Madencilerin 1 gün kendine, 29 gün patrona çalıştığına işaret eden Çakır, iş cinayeti olduğunda ise bunun ya kader ya fıtrat olarak değerlendirildiğini hatırlattı. Katliam sonrası ailelerin ne durumda bırakıldığına bakılmadığını vurgulayan Çakır, “Gelirler fotoğraf çektirirler, iş güvenliğinden söz ederler, sonra unuturlar. Ölen öldüğüyle kalır” diye konuştu.

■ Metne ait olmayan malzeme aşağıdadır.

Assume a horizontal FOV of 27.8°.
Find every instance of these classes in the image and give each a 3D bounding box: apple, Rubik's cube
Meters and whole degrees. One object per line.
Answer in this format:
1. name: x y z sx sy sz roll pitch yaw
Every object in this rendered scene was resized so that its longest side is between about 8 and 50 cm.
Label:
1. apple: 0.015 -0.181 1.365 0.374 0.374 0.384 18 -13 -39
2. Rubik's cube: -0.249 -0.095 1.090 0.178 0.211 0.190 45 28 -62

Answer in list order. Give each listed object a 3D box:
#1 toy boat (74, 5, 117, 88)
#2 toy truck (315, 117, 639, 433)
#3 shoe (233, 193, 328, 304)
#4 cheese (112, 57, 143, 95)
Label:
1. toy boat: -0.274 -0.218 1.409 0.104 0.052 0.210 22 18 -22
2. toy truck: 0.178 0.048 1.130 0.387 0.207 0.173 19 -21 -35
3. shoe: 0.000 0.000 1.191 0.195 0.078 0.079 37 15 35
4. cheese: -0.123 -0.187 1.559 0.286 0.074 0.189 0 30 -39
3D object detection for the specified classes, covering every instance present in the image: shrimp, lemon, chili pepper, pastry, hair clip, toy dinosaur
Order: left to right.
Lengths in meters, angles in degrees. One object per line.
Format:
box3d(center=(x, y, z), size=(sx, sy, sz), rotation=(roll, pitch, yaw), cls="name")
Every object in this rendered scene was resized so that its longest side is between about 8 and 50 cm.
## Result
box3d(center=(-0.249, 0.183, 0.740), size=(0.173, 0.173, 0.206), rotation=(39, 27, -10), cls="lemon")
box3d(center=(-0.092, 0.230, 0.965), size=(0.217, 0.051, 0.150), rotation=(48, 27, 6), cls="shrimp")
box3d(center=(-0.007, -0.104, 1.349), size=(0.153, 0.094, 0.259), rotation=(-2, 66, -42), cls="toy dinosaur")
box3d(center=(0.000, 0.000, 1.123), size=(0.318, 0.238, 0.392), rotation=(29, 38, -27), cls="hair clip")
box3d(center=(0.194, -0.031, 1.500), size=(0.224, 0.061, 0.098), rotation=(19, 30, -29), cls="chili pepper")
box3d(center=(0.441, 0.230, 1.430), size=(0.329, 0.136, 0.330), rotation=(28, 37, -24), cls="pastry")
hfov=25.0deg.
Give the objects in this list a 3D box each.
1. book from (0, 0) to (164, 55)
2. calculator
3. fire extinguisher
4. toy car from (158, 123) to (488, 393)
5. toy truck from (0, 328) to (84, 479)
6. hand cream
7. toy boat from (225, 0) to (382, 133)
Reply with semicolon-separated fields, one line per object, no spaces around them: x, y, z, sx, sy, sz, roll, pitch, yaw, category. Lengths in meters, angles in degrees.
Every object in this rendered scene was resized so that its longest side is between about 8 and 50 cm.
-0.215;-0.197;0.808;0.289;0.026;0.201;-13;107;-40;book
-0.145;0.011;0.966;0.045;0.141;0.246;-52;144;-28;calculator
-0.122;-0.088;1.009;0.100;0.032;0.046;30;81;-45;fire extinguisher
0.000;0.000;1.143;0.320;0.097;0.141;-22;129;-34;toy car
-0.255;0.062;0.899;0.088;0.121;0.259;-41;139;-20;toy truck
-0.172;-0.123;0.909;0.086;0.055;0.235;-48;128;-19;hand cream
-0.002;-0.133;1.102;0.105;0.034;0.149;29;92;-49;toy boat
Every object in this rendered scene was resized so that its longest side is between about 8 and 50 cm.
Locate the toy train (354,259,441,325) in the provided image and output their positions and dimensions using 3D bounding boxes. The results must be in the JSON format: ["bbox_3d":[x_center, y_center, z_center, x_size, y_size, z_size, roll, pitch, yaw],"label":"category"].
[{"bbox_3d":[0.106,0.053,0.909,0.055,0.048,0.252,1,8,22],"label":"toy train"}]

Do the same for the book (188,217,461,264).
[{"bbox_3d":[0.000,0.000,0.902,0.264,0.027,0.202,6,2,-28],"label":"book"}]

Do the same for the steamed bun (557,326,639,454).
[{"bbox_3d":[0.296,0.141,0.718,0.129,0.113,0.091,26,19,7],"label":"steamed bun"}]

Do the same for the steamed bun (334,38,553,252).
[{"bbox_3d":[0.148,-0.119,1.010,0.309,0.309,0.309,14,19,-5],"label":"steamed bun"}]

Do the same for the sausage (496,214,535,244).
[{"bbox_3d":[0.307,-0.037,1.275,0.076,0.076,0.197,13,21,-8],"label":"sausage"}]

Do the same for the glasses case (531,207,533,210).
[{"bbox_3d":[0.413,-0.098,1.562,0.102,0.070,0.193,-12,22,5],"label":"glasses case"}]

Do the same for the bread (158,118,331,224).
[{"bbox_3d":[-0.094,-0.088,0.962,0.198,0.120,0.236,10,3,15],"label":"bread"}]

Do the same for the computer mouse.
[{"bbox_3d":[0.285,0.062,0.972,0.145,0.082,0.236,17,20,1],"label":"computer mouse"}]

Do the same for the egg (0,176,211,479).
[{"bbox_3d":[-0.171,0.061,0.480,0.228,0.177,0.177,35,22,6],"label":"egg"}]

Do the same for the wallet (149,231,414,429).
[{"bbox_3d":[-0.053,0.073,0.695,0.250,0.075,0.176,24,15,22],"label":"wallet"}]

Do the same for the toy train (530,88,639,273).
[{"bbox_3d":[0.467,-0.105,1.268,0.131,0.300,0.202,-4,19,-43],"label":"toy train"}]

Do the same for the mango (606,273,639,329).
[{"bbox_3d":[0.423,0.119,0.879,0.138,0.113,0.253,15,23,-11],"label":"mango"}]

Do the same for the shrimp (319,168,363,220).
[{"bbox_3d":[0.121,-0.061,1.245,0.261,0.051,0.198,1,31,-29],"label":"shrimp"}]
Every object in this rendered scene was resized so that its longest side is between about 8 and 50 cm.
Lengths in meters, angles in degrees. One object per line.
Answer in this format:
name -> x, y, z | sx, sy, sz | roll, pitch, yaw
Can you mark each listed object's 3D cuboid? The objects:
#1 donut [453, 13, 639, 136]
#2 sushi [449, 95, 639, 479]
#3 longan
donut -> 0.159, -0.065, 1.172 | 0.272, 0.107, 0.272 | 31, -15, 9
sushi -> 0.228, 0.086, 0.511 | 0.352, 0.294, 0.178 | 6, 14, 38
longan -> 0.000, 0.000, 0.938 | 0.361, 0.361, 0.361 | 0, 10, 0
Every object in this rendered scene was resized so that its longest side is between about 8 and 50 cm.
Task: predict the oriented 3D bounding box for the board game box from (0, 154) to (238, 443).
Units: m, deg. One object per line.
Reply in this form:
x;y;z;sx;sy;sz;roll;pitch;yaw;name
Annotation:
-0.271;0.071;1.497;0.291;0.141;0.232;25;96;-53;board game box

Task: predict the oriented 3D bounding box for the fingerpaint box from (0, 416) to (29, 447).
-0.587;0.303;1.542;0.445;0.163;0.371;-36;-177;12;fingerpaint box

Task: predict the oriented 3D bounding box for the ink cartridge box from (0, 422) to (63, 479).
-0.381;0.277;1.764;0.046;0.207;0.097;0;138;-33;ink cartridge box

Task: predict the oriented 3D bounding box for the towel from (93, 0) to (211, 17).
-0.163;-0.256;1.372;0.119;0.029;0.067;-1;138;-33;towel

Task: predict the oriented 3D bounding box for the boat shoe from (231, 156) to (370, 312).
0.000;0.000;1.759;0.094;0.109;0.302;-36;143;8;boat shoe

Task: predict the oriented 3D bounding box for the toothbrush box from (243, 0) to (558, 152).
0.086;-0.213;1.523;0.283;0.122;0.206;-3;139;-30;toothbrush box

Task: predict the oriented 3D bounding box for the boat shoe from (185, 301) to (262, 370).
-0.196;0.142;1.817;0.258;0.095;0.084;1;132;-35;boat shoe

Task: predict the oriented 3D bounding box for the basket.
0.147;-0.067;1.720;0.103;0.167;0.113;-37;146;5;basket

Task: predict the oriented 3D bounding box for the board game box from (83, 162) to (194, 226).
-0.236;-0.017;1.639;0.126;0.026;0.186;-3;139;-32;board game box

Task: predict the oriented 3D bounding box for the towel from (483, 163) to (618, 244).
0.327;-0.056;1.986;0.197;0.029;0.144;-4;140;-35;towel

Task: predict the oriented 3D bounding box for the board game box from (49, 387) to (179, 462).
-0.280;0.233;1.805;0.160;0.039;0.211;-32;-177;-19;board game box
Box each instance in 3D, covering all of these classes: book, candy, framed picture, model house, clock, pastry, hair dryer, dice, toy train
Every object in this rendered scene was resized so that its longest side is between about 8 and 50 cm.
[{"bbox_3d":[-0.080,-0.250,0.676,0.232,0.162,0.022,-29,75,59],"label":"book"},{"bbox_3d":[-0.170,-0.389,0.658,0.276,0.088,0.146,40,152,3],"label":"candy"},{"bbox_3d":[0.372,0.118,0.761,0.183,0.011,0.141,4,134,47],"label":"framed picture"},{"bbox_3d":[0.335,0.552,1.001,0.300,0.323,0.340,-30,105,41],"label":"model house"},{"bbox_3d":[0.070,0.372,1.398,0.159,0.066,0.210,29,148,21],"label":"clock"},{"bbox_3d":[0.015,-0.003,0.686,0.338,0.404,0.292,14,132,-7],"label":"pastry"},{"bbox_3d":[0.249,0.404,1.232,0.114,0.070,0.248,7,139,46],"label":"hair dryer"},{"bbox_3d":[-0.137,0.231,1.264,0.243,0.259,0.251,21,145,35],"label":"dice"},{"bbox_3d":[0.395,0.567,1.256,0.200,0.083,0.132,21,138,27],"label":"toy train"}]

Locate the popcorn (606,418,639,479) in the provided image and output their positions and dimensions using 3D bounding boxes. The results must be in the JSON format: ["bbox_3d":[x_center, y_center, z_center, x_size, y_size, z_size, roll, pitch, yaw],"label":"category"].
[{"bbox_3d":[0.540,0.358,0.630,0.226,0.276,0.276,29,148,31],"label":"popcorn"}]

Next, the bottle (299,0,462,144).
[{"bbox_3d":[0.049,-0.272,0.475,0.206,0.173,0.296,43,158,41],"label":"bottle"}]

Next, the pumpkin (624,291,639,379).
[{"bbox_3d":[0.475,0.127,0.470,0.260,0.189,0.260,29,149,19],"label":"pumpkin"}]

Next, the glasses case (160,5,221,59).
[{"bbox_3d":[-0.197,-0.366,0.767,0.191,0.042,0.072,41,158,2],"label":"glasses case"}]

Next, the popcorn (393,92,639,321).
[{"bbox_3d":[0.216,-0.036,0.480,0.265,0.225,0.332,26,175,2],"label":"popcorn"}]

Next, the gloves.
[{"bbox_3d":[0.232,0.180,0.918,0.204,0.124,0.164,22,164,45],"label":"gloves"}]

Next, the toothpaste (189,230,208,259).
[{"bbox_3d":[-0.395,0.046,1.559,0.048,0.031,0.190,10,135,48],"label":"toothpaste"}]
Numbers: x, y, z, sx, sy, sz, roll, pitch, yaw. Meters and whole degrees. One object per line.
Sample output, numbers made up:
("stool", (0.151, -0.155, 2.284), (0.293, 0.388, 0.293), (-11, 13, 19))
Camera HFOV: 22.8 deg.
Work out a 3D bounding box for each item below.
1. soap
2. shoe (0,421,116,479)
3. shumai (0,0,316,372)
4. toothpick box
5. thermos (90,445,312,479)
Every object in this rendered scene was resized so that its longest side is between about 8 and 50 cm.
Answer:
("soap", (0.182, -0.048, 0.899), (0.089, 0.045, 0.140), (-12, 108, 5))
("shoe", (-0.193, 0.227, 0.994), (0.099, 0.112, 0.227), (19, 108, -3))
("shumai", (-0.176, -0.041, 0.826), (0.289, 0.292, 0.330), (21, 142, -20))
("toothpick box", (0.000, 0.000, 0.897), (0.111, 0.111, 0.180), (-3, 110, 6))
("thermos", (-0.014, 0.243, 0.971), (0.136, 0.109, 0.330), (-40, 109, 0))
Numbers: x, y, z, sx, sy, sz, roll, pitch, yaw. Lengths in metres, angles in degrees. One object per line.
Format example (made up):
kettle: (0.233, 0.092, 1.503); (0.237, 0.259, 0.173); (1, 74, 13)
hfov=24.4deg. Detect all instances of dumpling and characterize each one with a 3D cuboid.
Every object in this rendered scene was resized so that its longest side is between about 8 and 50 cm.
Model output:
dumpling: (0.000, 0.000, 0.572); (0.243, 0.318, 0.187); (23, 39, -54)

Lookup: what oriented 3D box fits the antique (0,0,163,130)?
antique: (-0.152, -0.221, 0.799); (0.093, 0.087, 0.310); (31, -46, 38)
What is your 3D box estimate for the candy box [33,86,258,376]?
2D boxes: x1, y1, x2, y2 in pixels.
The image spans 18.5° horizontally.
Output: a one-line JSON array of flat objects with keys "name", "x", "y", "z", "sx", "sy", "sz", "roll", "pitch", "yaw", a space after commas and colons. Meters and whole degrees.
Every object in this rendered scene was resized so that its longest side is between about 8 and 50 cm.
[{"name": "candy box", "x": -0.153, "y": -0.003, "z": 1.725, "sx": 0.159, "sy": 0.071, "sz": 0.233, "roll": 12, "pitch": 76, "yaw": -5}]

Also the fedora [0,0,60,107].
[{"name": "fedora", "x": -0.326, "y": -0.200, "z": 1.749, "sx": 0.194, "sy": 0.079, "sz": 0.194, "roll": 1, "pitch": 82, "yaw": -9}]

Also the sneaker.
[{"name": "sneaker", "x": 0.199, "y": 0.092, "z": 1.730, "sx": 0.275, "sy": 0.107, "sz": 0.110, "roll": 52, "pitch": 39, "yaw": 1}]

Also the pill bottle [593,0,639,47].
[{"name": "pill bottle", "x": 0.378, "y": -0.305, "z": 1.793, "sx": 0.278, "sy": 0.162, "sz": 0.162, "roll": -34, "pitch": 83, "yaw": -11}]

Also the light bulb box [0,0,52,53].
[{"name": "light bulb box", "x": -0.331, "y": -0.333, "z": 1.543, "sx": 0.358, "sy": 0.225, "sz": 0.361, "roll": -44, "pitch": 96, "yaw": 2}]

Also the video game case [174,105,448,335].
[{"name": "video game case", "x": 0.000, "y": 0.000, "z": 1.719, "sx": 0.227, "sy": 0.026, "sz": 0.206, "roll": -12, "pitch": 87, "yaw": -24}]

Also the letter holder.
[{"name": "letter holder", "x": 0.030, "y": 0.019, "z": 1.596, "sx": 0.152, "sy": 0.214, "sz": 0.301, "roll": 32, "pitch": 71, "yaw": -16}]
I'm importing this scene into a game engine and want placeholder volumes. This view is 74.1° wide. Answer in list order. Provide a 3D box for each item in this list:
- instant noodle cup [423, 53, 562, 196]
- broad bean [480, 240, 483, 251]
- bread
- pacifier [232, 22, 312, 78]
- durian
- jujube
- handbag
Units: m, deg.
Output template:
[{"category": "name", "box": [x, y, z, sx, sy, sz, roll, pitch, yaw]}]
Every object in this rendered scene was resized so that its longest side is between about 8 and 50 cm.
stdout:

Türkiye’de sadece katliamlar olduğunda hatırlanan maden işçilerinin özgücünün farkına varıp örgütlenmesi gerektiğinin altını çizen Çakır, şunları kaydetti : “İşçilerin artık bir olup güçlenmesi gerek. Yeni sendikalar kurup kendi alın terlerine sahip çıkmaları lazım. Şu anda en büyük eksik bu. Çok az sayıda alternatif sendika var. Binimiz bir olacağız, birimiz bin olacağız; eğer bu şekilde olursak bütün işçi sınıfı kazanır.”